If a solution contains projects, that the current startup project does not depend upon (e.g. test projects), compiling those projects can be avoided by selecting the option "Only build startup projects and dependencies on Run" under Tools / Options / Projects and Solutions / Build and Run.


(3) Prevent project dependency tree compilation

Visual Studio resp. MSBuild compiles all projects with changes, plus the complete project dependency tree underneath those projects. This is all good and fine, but it also implies that once only one line of code is changed in a commonly used base class, this might cause a complete solution recompilation. But why should we recompile everything, when say only the interior of a single method implementation has changed?

When you know that you are going to change something deep down in your dependency tree, but won't be altering non-private method signatures, here is what you can do:

Option 3.1: Manually avoid dependent project recompile
Under Tools / Options / Projects and Solutions / Build and Run, choose "On run, when projects are out of date: Never build". Then, manually build the project only where sourcecode has been edited (Build <projectname> resp. Shift-F6), and finally run the startup project. This too only works when all projects use the same output folder (see (1)).

Option 3.2: Additional solution configurations
Create additional solution configurations for partial builds, and apply identical output paths as defined in (1) (Solution / Properties / Configuration Properties / Configuration Manager / Active Solution Configuration / New).

Solution configurations allow for defining which projects should be built, and which should not; this can lead to much smaller build dependency trees. We might provide configurations for framework class libraries, for functional modules or for data access projects, and so on. And once we know we only are going to change the inner workings of certain components, we switch to the suitable solution configuration first.

Other dependent projects are not going to be compiled if they are not part of the active configuration. What does that imply at runtime? As there are no newly built dependent assemblies, the previously built assemblies (still residing in "..\Output\Debug") are going to be loaded, which is just what we want.

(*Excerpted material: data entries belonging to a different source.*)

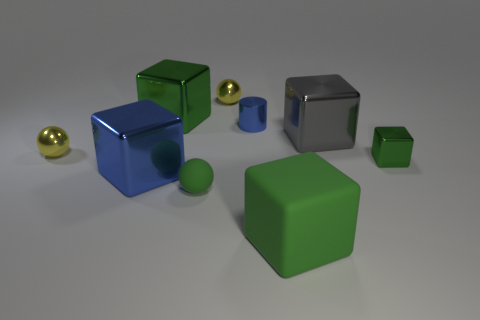How many green cubes must be subtracted to get 1 green cubes? 2 Subtract all green cylinders. How many green cubes are left? 3 Subtract all gray cubes. How many cubes are left? 4 Subtract all blue shiny blocks. How many blocks are left? 4 Subtract all blue blocks. Subtract all gray cylinders. How many blocks are left? 4 Add 1 small blue balls. How many objects exist? 10 Subtract all spheres. How many objects are left? 6 Add 4 green rubber blocks. How many green rubber blocks exist? 5 Subtract 0 purple blocks. How many objects are left? 9 Subtract all tiny yellow shiny spheres. Subtract all gray shiny things. How many objects are left? 6 
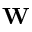Convert formula to latex. <formula><loc_0><loc_0><loc_500><loc_500>W</formula> 
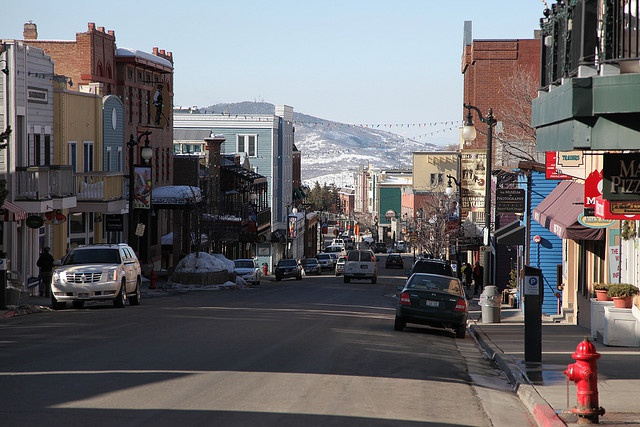Describe the objects in this image and their specific colors. I can see car in lightblue, black, gray, darkgray, and lightgray tones, car in lightblue, black, gray, and maroon tones, fire hydrant in lightblue, maroon, black, salmon, and red tones, parking meter in lightblue, black, gray, navy, and darkblue tones, and car in lightblue, black, gray, and darkblue tones in this image.

Option 3.3: Decouple projects, use assembly references instead of project references
Decoupling is not only recommended for software architecture in general, it might also boost compiletime. When application layers are separated (e.g. coding against interfaces, and acquiring implementation classes only at runtime by using factories, dependency injection and the like), code changes other than interface modifications will not lead to dependent project compilations any more.

Also, choose solution structure carefully. You don't want one project containing 80% of all code, and the rest spread on ten other projects. Or consider having Team A work on projectset #1, and Team B working on projectset #2, which depends on what Team A has produced. Provide separate solution files for each Team, let Team A deliver libraries to Team B, and integrate them in Team B's solution by using assembly references (instead of project references).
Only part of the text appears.